Apart from being a good example of why the Internet is an unreliable source of knowledge (Yeats never said or wrote any such thing), the metaphor actually reveals the blind spot of progressive thinkers. To keep burning, fires need fuel.

So, talk about that first, please. And, then I want to add a little footnote to it.

Ian Leslie: Yeah. It goes back to what we were saying at the beginning. The flame of curiosity does not burn in a vacuum. It needs the fuel. You need to kind of feed ourselves and feed other people knowledge in order to keep going. We need to keep finding out stuff. And, the more you find out, the more you realize how much stuff you don't know, which makes you kind of desperate to learn more.

That, to me, is kind of this wonderful virtuous circle of curiosity. It's not this thing that just kind of happens in the abstract. It's a function of learning stuff and knowing stuff and talking about facts and information and knowledge, which just kind of just sparked this wondrous insight that we're all born with, but we soon forget, which is: there's loads of stuff out there that I don't know. And, isn't that great, because I can never stop learning. That's a wonderful thought.

Russ Roberts: Yeah. At least for me; and maybe, and for you, I think. But, the reason I liked it--a couple of reasons. First of all, I'm reading it, I'm thinking, 'Yeats didn't say that.' And, then you point out he didn't. Because, I know who said that: It was Plutarch. Plutarch said, "The mind is not a vessel to be filled, but a fire to be kindled." And, certainly he was onto something. It's true that you need fuel; but it's certainly true that real education isn't just passing on facts, it's igniting the question and curiosity of the child or the student.

But, it turns out Plutarch didn't say that--Plutarch didn't say it, either.
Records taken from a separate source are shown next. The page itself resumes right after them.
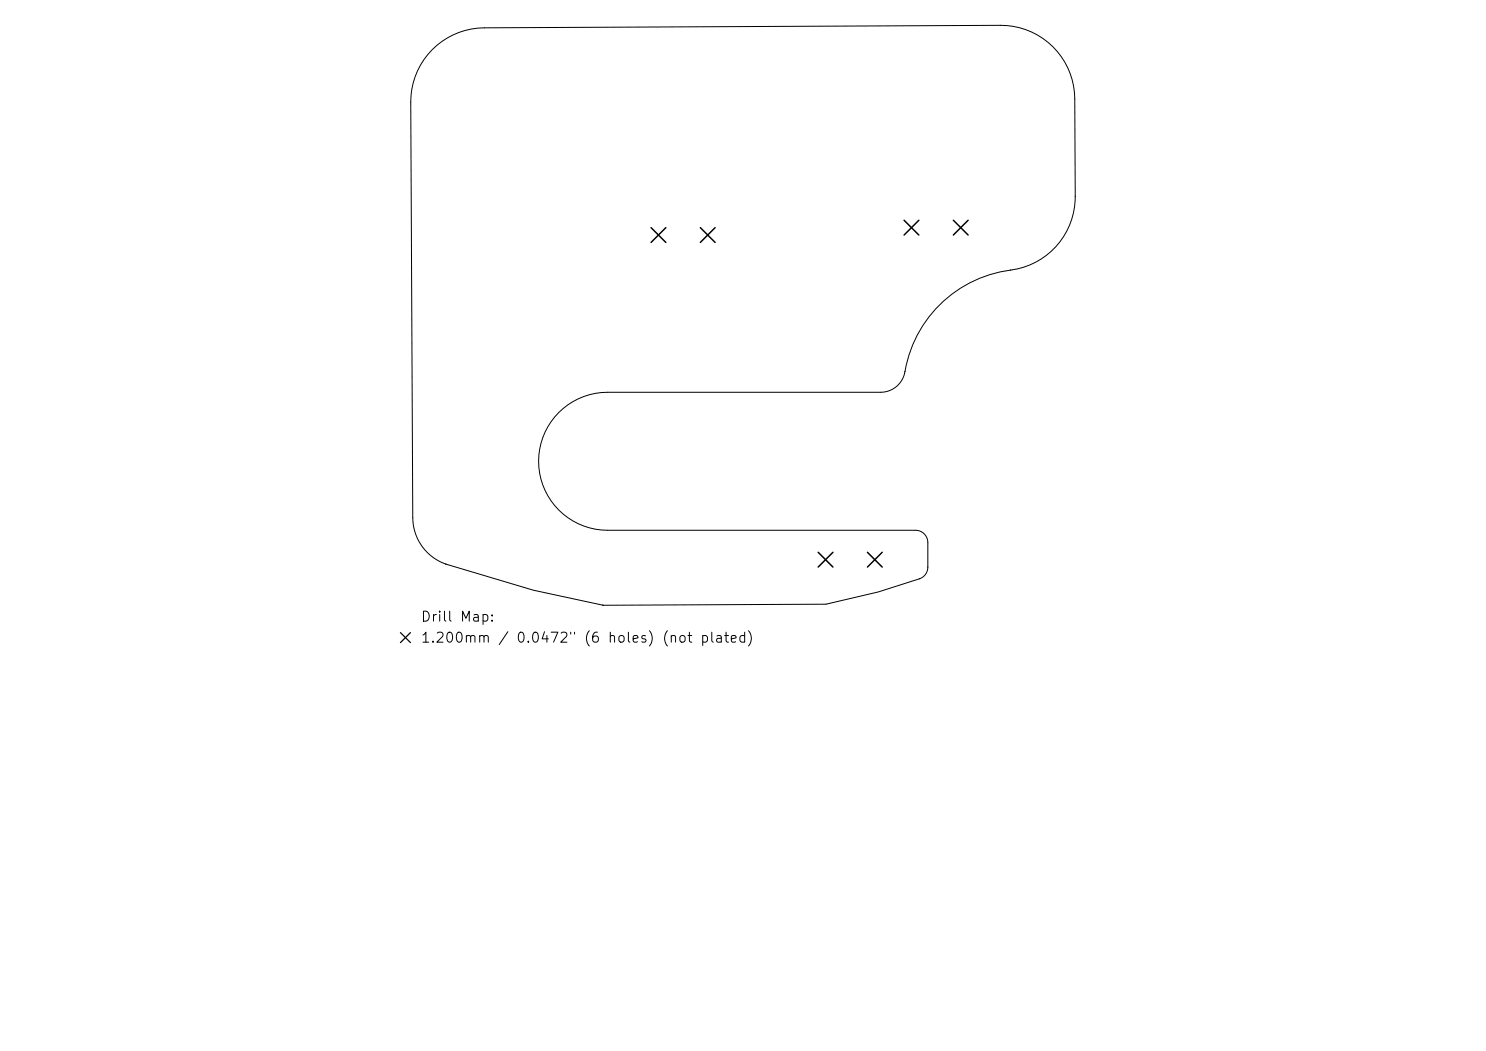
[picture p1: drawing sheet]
<svg xmlns="http://www.w3.org/2000/svg" width="297mm" height="210mm" viewBox="0 0 297 210" stroke-linecap="round" stroke-linejoin="round" font-family="sans-serif">
<defs><g id="words">
<g font-size="2">
<text x="84" y="124.7">Drill Map:</text>
<text x="84" y="128.9">1.200mm / 0.0472&quot; (6 holes) (not plated)</text>
</g>
</g></defs>
<g fill="none" stroke="#000" stroke-width=".2">
<path d="M200 5.1l-103.2 .5a14.8 14.8 0 0 0-14.7 14.8l.4 83.1a9.8 9.8 0 0 0 6.6 9.2M200 5.1h.1M200 5.1a14.8 14.8 0 0 1 14.8 14.7l.1 19.4M214.9 39.2a14.8 14.8 0 0 1-12.9 14.8M214.9 39.2h.1M202 54a24.6 24.6 0 0 0-21.1 20.3M202 54h.1M180.9 74.3a4.9 4.9 0 0 1-4.9 4.1h-54.6a13.8 13.8 0 0 0-13.8 13.8 13.8 13.8 0 0 0 13.8 13.8h61.6a2.46 2.46 0 0 1 2.4 2.4v4.9M180.9 74.3h.1M89.1 112.7h.1M89.1 112.7l17.5 5.2 13.8 3M183.8 115.6h.1"/>
<path d="M183.8 115.6l-8.2 2.7-10.5 2.4-44.5 .2M185.4 113.3v.7l-.4 .7-.4 .5-.8 .4M185.4 113.3h.1M120.4 120.9h.1M120.4 120.9h.2M120.6 120.9h.1"/>
</g>
<path d="M130.1 45.5l3 2.9M133.1 45.5l-3 2.9M140 45.5l2.9 2.9M142.9 45.5l-2.9 2.9M180.7 44l2.9 3M183.6 44l-2.9 3M190.5 44l3 3M193.5 44l-3 3M163.5 110.4l3 2.9M166.5 110.4l-3 2.9M173.4 110.4l2.9 2.9M176.3 110.4l-2.9 2.9" fill="none" stroke="#000" stroke-width=".3"/>
<path d="M80 126.4l2 2M82 126.4l-2 2" fill="none" stroke="#000" stroke-width=".25"/>
<use href="#words"/>
</svg>

And, I thought, 'Oh--well, someone before Plutarch said it?' No. Plutarch had a paragraph or two where he makes that point. Somebody at some point in history turned it into that very memorable phrase: "The mind is not a vessel to be filled, but a fire to be kindled." Of course, Plutarch didn't write in English, so he certainly didn't ever say that actual phrase, no matter what. But, he didn't say it in Greek or Latin. Was Plutarch Roman? I think he's Roman, not sure

Ian Leslie: Roman. Yeah.

Russ Roberts: But, he didn't say it in Latin, either. He said something more complicated. We'll put up a link up to the actual context of the quote. But, I just thought that was very cool.

Ian Leslie: That is brilliant.

1:04:37

Russ Roberts: Before we go, tell us about your next book, because that's pretty amazing.

Ian Leslie: Oh. Yes. So, it won't be out for awhile. I'm really in the middle of it now. It's a bit of a left turn for me in some ways. It's about the Beatles; and specifically it is about the relationship between Lennon and McCartney; and just--it's a biography of their relationship. And, I'm really fascinated by how their emotional dynamic and their love for each other led to this incredible explosion of creativity.

And, I've always been a Beatles fan. And, just recently I started to write about them a bit more. And, the things that I've written, people have enjoyed reading. So, I thought actually, why don't I just do a whole book about this? And, the thing I'm most fascinated by about the Beatles is that relationship between between John and Paul: You know, what the hell happened there? So, that's what I'm focusing on.

Russ Roberts: So, you have a long essay on the greatness of Paul McCartney, which many people would assume is a very short essay--people who don't understand the Beatles or McCartney. And yet, you make a very, I thought, effective--I confessed before we started recording to you, Ian, that I like the Beatles, but I'm not a fan. I'm not a strong fan. And, your case for Paul McCartney, I found quite fascinating. And, we'll put a link up to that if it's public. I can't remember if it's for subscribers only.

Ian Leslie: It's free.

Russ Roberts: And so, we look forward to that book and maybe we'll talk about it.

Ian Leslie: Oh, yeah. I would love to. But I have to write it first.

Russ Roberts: Oh, darn. My guest today has been Ian Leslie. His the book is called Curious. Ian, thanks for being part of EconTalk.

Ian Leslie: Thank you so much, Russ.